Les relations, déjà glaciales, se sont de fait encore tendues entre les deux grandes puissances rivales après l'empoisonnement début mars au Royaume-Uni de l'ex-agent double russe Sergueï Skripal, imputé par Londres à Moscou. Par solidarité avec les Britanniques, Washington a expulsé 60 diplomates russes accusés d'être des "espions" et la Russie en a aussitôt fait autant.
Selon les services de renseignement américains, le pouvoir russe a mené une opération concertée et planifiée pour influencer l'élection présidentielle en faveur du milliardaire républicain, notamment à travers l'utilisation des réseaux sociaux et la diffusion de "fausses nouvelles", ce que Moscou conteste. Et les responsables du renseignement américain préviennent déjà que la Russie va aussi tenter d'influencer les élections parlementaires de novembre.

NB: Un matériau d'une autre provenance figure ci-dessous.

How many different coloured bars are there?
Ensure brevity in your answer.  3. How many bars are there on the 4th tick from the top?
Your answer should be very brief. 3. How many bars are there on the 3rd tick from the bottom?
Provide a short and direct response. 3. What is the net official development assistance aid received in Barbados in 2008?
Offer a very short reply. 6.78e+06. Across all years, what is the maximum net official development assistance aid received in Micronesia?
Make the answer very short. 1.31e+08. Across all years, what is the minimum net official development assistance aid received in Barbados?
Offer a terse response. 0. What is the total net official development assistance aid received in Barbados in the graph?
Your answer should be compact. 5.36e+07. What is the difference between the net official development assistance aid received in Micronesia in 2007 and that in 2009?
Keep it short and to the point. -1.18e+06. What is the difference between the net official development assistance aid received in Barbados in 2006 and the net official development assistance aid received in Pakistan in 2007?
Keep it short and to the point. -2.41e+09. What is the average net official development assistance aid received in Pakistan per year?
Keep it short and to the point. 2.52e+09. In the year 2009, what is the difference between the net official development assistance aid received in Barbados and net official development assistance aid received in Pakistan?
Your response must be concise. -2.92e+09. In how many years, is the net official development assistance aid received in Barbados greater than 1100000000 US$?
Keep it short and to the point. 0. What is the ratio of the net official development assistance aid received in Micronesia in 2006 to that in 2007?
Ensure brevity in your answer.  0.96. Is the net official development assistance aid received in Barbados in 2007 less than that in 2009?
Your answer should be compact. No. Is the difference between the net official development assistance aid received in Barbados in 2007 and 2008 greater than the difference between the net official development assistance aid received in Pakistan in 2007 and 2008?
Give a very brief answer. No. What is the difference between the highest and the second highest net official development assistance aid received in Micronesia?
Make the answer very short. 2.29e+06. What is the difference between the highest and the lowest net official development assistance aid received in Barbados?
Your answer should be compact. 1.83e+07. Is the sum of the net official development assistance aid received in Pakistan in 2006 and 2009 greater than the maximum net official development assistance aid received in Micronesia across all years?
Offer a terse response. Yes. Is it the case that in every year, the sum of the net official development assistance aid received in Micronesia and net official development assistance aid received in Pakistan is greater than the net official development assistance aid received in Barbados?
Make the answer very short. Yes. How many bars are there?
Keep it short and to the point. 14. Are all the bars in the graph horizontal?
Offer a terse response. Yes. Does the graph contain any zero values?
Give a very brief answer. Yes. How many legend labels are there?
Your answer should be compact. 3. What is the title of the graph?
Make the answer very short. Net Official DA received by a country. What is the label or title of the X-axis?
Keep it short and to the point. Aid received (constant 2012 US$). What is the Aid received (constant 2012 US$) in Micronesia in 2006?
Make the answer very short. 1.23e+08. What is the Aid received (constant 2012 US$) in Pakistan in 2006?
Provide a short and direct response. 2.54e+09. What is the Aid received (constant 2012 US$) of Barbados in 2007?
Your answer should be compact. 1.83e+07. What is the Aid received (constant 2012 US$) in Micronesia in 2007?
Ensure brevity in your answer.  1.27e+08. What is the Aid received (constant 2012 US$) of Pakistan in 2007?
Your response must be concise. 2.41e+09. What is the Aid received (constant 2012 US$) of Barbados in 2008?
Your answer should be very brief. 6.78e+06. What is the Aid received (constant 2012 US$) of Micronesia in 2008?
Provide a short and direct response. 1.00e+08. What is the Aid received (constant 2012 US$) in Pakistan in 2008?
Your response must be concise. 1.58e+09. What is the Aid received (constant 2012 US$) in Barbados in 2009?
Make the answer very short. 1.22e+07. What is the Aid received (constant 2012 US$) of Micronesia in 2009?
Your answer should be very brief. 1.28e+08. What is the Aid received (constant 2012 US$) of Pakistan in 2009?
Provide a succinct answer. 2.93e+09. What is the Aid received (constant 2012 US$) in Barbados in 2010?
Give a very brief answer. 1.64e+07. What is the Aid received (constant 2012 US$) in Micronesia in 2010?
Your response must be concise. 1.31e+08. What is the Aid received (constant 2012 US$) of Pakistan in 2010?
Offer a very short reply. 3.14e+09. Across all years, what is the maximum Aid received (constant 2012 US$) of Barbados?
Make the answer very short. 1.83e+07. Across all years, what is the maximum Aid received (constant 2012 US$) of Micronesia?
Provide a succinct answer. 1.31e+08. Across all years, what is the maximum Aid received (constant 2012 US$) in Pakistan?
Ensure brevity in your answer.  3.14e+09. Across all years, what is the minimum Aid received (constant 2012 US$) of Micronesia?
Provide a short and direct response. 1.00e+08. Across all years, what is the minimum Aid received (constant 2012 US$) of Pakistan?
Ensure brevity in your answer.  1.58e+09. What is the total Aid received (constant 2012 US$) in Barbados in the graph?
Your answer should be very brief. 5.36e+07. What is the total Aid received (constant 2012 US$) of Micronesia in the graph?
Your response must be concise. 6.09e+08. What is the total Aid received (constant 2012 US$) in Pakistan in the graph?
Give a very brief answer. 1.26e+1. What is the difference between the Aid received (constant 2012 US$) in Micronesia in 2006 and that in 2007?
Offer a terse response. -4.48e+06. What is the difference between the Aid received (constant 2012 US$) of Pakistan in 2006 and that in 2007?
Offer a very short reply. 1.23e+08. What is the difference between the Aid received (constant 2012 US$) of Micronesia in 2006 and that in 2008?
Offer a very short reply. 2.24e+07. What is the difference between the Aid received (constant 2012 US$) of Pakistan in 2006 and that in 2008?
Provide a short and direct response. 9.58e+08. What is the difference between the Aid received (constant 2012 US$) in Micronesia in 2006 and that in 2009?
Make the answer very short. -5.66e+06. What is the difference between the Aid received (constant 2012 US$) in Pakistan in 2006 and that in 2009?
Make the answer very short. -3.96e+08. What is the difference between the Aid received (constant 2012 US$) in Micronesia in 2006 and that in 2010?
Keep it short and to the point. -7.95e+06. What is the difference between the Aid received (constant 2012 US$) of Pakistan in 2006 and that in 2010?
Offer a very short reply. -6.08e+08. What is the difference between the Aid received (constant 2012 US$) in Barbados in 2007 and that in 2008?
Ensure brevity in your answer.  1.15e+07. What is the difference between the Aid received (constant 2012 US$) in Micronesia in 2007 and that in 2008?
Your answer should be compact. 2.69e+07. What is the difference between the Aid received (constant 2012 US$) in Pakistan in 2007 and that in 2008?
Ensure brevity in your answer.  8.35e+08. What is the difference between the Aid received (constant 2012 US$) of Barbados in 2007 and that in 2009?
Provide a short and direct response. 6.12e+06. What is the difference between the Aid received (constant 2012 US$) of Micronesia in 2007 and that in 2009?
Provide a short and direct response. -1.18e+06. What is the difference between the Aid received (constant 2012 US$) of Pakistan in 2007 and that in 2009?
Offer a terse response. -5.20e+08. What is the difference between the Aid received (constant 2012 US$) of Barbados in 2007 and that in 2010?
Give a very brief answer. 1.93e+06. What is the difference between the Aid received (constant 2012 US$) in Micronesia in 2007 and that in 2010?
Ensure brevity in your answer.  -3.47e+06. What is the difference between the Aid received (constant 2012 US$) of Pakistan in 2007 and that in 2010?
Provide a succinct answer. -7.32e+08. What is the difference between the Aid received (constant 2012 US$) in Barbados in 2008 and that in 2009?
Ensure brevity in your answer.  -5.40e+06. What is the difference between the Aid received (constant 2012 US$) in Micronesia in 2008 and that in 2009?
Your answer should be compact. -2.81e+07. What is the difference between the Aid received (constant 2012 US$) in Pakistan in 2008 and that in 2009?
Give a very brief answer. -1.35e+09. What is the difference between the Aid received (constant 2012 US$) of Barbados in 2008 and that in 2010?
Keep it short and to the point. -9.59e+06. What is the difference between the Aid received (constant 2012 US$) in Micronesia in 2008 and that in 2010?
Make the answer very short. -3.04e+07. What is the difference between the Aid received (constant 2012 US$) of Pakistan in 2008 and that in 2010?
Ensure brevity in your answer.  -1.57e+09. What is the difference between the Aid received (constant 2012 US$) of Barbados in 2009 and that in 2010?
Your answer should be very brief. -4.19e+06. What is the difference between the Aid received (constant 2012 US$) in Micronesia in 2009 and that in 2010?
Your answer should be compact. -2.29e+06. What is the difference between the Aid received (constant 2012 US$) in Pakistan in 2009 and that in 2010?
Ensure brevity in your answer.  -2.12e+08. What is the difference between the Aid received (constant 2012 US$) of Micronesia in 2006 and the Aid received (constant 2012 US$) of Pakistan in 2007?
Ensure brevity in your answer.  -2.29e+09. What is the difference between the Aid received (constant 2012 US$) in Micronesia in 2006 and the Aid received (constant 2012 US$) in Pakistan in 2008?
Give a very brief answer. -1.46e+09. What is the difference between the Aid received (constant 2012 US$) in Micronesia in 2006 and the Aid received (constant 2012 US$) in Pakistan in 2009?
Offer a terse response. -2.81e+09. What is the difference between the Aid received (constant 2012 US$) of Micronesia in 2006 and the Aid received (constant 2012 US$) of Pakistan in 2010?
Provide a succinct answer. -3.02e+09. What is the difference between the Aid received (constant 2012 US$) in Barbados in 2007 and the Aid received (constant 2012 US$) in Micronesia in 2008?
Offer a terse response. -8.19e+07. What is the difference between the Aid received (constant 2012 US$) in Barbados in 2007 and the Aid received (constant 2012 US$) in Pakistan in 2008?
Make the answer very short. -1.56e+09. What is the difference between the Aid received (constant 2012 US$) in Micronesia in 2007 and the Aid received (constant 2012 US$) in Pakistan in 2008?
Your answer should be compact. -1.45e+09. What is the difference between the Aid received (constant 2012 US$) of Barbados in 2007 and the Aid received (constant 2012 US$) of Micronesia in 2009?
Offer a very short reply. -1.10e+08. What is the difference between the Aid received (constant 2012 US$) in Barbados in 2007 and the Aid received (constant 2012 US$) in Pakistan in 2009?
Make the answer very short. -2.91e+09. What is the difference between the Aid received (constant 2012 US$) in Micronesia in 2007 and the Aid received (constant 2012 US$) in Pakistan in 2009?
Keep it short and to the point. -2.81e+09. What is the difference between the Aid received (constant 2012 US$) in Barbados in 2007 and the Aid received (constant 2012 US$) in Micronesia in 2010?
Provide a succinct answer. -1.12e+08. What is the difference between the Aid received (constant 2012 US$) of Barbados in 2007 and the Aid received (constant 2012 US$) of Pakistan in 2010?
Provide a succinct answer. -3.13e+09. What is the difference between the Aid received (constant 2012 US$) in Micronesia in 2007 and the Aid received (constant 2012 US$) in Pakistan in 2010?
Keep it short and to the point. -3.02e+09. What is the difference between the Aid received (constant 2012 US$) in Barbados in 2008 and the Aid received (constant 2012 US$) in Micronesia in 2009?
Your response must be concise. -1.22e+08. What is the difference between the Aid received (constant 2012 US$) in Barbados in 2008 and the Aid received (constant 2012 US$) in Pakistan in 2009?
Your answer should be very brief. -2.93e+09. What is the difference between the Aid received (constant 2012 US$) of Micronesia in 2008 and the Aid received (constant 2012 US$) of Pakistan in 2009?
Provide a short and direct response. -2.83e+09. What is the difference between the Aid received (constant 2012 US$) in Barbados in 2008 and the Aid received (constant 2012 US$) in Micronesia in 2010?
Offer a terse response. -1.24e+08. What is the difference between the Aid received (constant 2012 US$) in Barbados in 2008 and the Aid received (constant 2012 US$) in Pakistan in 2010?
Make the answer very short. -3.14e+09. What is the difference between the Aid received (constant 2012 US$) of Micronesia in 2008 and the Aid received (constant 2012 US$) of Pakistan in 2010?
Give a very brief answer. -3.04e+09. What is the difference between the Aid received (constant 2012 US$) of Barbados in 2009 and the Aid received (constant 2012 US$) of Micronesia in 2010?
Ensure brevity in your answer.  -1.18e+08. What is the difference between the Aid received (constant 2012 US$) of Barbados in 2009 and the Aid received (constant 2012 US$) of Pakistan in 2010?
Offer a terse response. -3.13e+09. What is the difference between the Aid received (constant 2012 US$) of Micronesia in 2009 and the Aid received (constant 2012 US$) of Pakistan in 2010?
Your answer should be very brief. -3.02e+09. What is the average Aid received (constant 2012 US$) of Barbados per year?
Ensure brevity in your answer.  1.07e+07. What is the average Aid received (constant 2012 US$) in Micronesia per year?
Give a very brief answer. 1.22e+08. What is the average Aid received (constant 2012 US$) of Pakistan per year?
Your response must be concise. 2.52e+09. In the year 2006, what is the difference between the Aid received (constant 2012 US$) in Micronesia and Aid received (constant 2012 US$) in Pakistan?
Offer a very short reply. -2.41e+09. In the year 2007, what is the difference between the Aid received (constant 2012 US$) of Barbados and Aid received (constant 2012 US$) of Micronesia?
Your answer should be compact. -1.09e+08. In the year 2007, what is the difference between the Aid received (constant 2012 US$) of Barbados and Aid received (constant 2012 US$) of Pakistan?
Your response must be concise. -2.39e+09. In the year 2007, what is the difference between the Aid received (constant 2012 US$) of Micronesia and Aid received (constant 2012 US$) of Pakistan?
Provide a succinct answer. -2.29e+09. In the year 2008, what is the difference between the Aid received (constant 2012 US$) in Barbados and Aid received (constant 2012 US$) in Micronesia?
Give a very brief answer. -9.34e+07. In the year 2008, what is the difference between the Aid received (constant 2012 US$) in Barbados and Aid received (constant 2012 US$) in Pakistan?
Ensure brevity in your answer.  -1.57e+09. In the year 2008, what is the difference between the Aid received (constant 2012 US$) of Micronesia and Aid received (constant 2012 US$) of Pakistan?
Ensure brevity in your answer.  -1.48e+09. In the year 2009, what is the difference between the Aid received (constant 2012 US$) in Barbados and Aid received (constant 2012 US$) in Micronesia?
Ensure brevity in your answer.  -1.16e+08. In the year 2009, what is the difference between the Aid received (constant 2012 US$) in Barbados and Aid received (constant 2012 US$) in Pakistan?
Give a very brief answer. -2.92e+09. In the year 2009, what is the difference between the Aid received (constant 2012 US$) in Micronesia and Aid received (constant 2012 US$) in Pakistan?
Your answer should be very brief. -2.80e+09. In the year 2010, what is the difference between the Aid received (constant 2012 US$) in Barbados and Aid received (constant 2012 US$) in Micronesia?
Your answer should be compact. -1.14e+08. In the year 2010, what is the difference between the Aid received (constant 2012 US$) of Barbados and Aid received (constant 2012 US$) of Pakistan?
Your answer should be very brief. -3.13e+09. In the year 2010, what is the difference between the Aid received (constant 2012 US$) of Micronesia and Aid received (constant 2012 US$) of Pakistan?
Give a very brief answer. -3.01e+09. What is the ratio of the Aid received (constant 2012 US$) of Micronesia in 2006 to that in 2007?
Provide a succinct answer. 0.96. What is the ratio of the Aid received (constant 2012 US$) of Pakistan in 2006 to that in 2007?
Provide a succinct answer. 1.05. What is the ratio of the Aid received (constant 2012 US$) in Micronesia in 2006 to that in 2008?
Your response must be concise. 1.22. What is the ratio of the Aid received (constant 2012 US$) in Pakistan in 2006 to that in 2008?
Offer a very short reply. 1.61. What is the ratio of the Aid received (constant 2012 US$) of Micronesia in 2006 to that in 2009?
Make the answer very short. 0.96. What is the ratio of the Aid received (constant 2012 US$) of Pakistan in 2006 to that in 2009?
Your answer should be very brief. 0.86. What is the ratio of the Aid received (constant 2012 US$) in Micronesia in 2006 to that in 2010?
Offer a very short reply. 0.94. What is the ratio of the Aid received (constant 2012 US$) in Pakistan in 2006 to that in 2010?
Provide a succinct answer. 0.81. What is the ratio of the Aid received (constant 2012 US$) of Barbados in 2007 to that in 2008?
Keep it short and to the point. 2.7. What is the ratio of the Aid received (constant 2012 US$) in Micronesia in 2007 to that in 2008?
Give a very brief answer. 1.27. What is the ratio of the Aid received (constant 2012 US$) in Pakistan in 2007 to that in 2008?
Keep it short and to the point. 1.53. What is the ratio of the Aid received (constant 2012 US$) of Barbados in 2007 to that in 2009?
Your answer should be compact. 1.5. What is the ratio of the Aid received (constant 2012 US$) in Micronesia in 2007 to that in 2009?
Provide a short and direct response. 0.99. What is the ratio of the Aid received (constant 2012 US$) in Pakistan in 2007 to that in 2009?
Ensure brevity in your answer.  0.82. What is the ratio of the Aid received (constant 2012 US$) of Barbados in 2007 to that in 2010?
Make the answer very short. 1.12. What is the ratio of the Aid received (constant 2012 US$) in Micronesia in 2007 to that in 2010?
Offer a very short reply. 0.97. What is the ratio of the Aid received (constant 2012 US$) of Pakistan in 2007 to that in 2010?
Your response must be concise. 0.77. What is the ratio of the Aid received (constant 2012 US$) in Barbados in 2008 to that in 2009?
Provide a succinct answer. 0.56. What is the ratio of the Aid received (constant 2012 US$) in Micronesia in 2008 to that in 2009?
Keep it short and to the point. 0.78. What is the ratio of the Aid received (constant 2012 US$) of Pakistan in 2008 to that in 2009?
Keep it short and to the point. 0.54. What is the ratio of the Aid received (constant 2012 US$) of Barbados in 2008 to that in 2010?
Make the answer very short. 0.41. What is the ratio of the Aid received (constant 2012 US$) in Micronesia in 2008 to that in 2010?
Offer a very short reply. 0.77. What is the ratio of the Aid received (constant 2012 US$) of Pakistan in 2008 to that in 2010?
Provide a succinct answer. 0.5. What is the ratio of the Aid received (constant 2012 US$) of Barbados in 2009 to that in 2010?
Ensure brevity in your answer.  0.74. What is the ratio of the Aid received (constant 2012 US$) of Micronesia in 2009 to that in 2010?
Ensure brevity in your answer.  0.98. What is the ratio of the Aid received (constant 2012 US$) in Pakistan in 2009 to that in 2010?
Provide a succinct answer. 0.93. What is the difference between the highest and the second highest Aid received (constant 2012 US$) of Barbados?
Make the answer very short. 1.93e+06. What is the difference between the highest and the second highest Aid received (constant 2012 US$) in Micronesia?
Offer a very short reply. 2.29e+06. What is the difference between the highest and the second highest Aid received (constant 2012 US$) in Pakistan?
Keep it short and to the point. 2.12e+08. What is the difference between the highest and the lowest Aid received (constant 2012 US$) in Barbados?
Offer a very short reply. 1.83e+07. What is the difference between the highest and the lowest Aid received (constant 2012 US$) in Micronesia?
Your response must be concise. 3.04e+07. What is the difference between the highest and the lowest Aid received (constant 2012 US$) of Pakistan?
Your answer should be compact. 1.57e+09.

La loi adoptée l'été dernier par le Congrès était une réponse à ces accusations: un grand nombre de parlementaires américains réclamaient des mesures punitives contre les oligarques. Mais le Trésor américain s'était borné, fin janvier, à publier une liste de 210 hommes d'affaires et responsables politiques russes, sans sanctions immédiates.
Face au mécontentement de plusieurs élus, l'administration Trump avait dû promettre que les sanctions viendraient dans un second temps.
"Personne n'a été aussi ferme face à la Russie que moi", a même tonné cette semaine le président américain. La Maison Blanche a publié vendredi un communiqué intitulé "Donald Trump se dresse contre les activités néfastes de la Russie", énumérant toutes les mesures prises par son gouvernement.
Mais le milliardaire répète aussi qu'il aimerait avoir une "bonne relation" avec Vladimir Poutine.
"La porte du dialogue reste ouverte", a assuré vendredi un responsable américain. "Nous voulons avoir de meilleures relations avec la Russie", mais cela ne peut arriver que "si elle change d'attitude".
Juste avant de quitter ses fonctions, H.R. McMaster, le conseiller à la sécurité nationale de Donald Trump a estimé cette semaine que les Etats-Unis n'avaient "pas réussi", jusqu'ici, à "imposer des coûts suffisants" à Moscou. Il sera remplacé lundi par John Bolton, considéré comme un "faucon" face à la Russie.